**Assignment**
Using the listing below, report all lines holding the word "block".

*** Provided information Section Begins ***

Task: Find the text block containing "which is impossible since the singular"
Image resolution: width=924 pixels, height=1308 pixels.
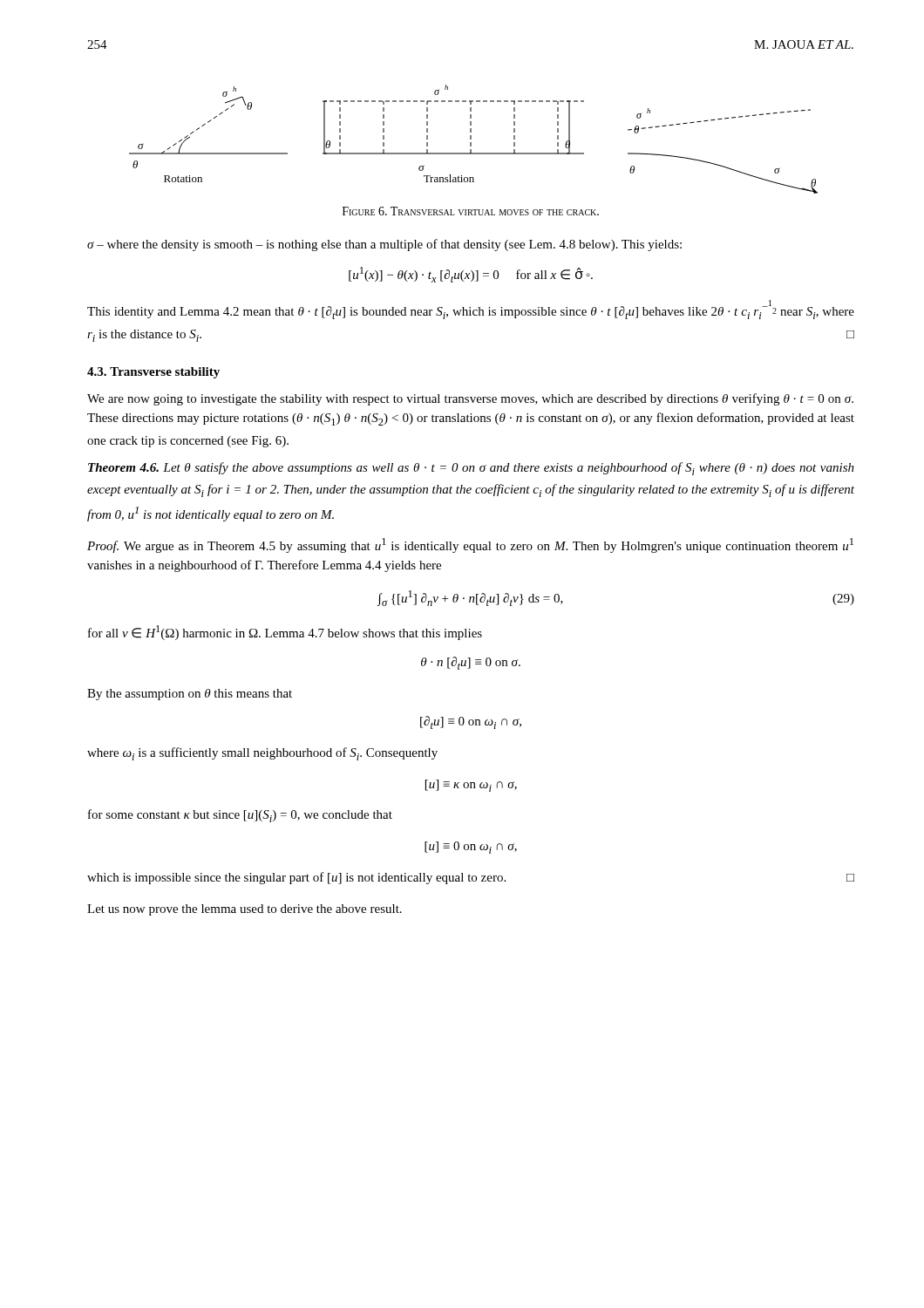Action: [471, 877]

*** Provided information Section Ends ***
*** Provided information Section Begins ***

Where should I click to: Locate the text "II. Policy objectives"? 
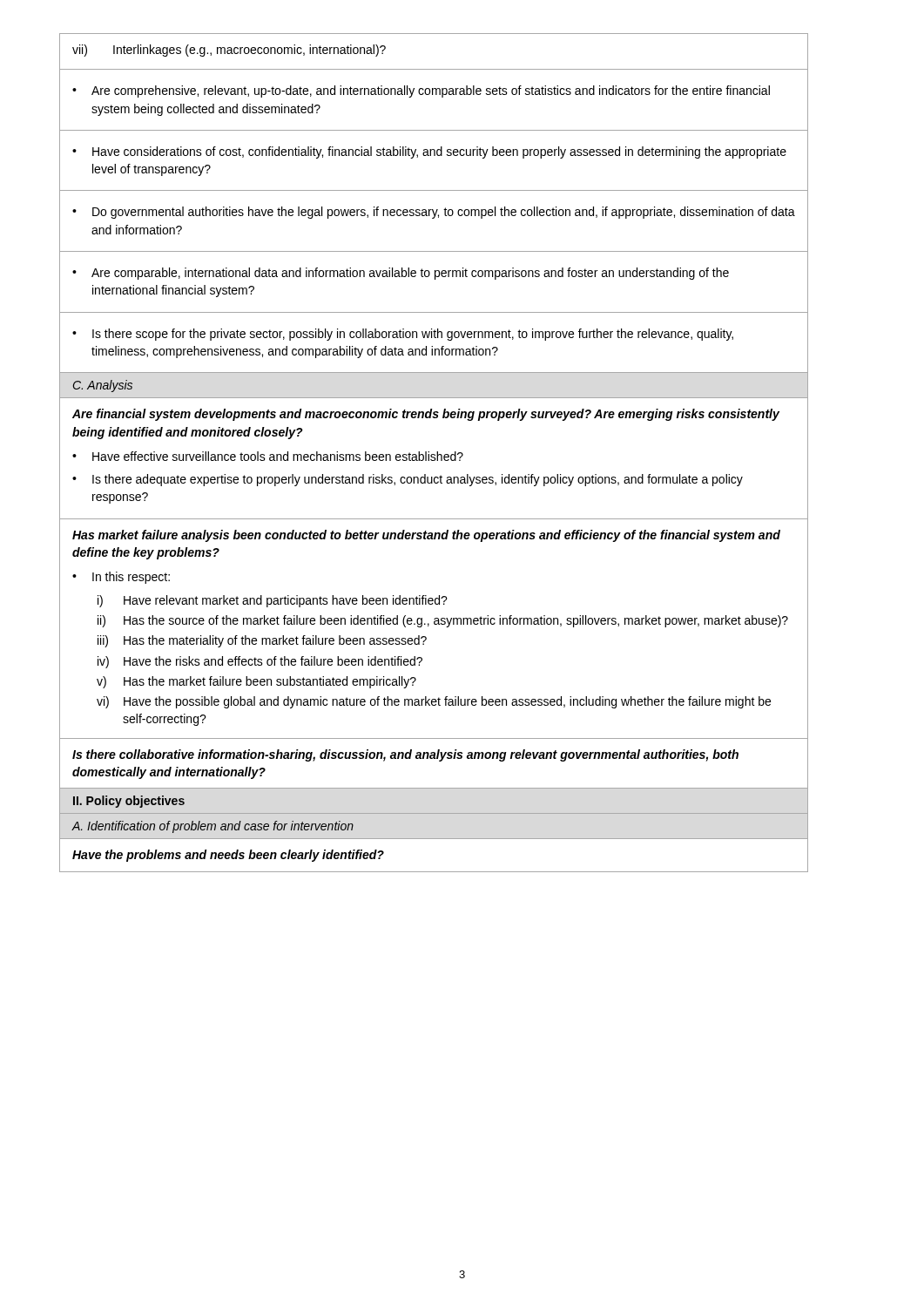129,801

*** Provided information Section Ends ***
*** Provided information Section Begins ***

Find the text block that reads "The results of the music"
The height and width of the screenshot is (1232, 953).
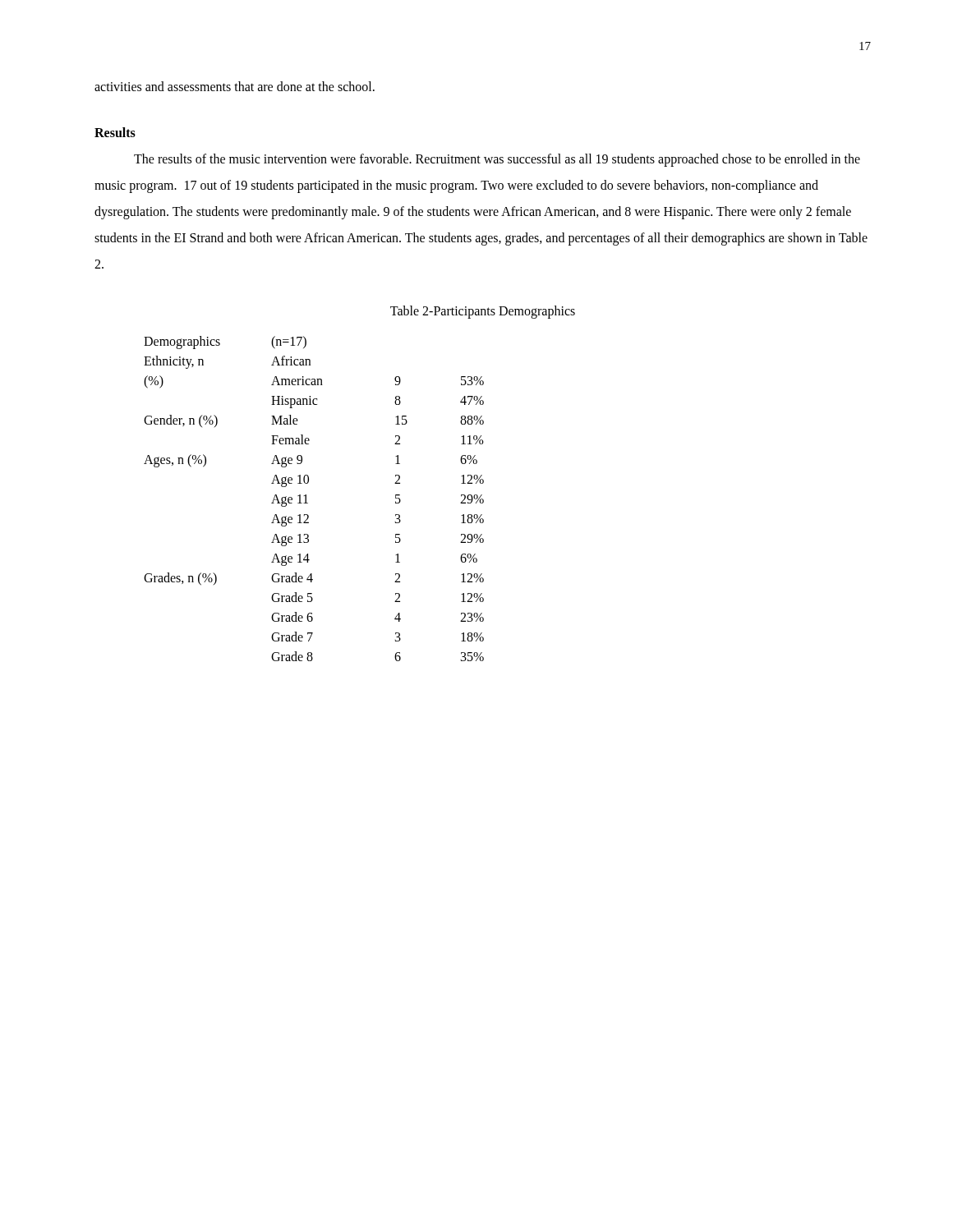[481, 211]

*** Provided information Section Ends ***

**Answer to this problem**
Task: Find the text block containing "which is impossible since the singular"
Find the text block that reads "The results of the music"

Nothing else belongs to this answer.